Find MatchCase "WORD_FROM_LANGDEF=**"
Replace All SelectText "WORD_FROM_LANGDEF=**"
IfFound
Key LEFT ARROW
EndIf
Copy
EndSelect
Key HOME
Key DOWN ARROW
ToggleBookmark
PlayMacro 1 "FindDupNocase"
ToggleBookmark
EndLoop
Else
Key DOWN ARROW
Loop
IfEof
ExitLoop
EndIf
StartSelect
Find Select " "
Find MatchCase "WORD_FROM_LANGDEF=**"
Replace All SelectText "WORD_FROM_LANGDEF=**"
IfFound
Key LEFT ARROW
EndIf
Copy
EndSelect
Key HOME
Key DOWN ARROW
ToggleBookmark
PlayMacro 1 "FindDupCase"
ToggleBookmark
EndLoop
EndIf

// After finishing the test for duplicates clipboard 8 can be cleared and
// also everything of the temp file can be deleted. Then the content of
// clipboard 9 is pasted into the temp file and clipboard 9 is also cleared.
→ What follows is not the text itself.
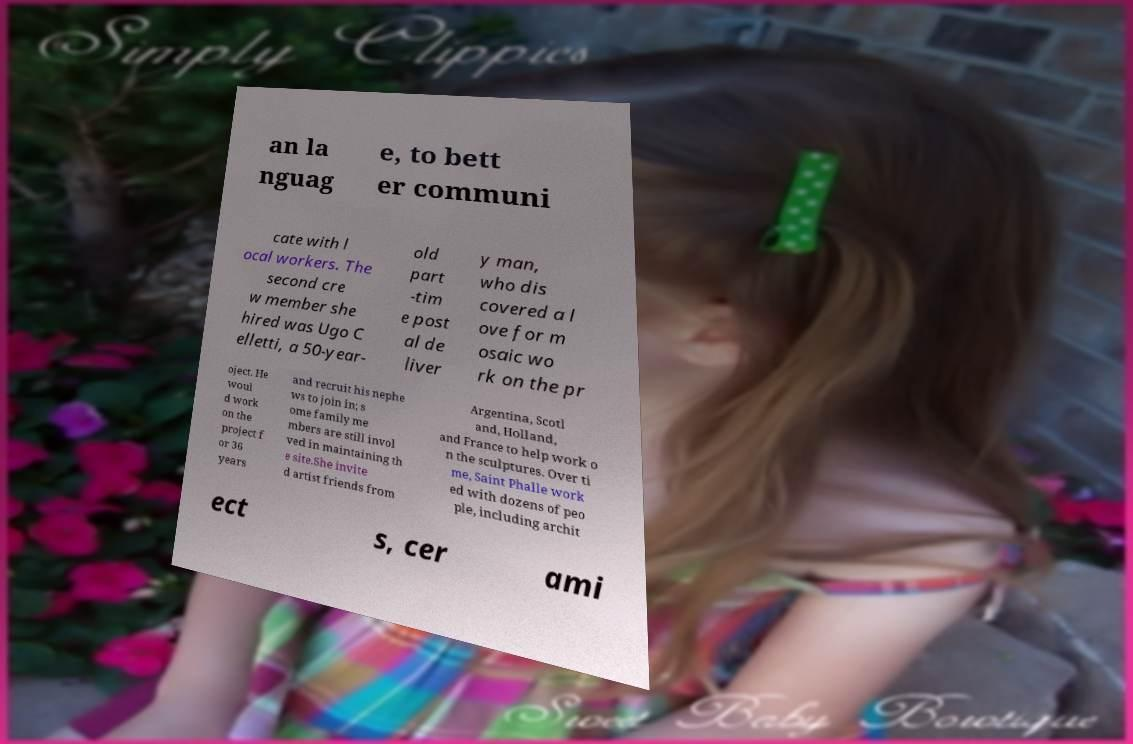Could you assist in decoding the text presented in this image and type it out clearly? an la nguag e, to bett er communi cate with l ocal workers. The second cre w member she hired was Ugo C elletti, a 50-year- old part -tim e post al de liver y man, who dis covered a l ove for m osaic wo rk on the pr oject. He woul d work on the project f or 36 years and recruit his nephe ws to join in; s ome family me mbers are still invol ved in maintaining th e site.She invite d artist friends from Argentina, Scotl and, Holland, and France to help work o n the sculptures. Over ti me, Saint Phalle work ed with dozens of peo ple, including archit ect s, cer ami

// If at least one line was in the clipboard 9 because of a duplicate word
// or a matching substring the temp file is not empty now. According to
// found or not found duplicate words or matching substrings the final
// report layout is created and the caret is set to top of the report
// and the user can evaluate it now.
ClearClipboard
SelectAll
Delete
Clipboard 9
Paste
ClearClipboard
Top
IfEof
"Congratulations! No duplicate words found."
Else
Find MatchCase "WORD_FROM_LANGDEF=**"
Replace All "** "
Find MatchCase "WORD_FROM_LANGDEF="
Replace All ""
"Sorry! Found following duplicate words:
"
EndIf
Top
Clipboard 0

// Insert macro command UnixReOn or PerlReOn here at the end of the
// macro if you prefer UNIX or Perl compatible regular expressions.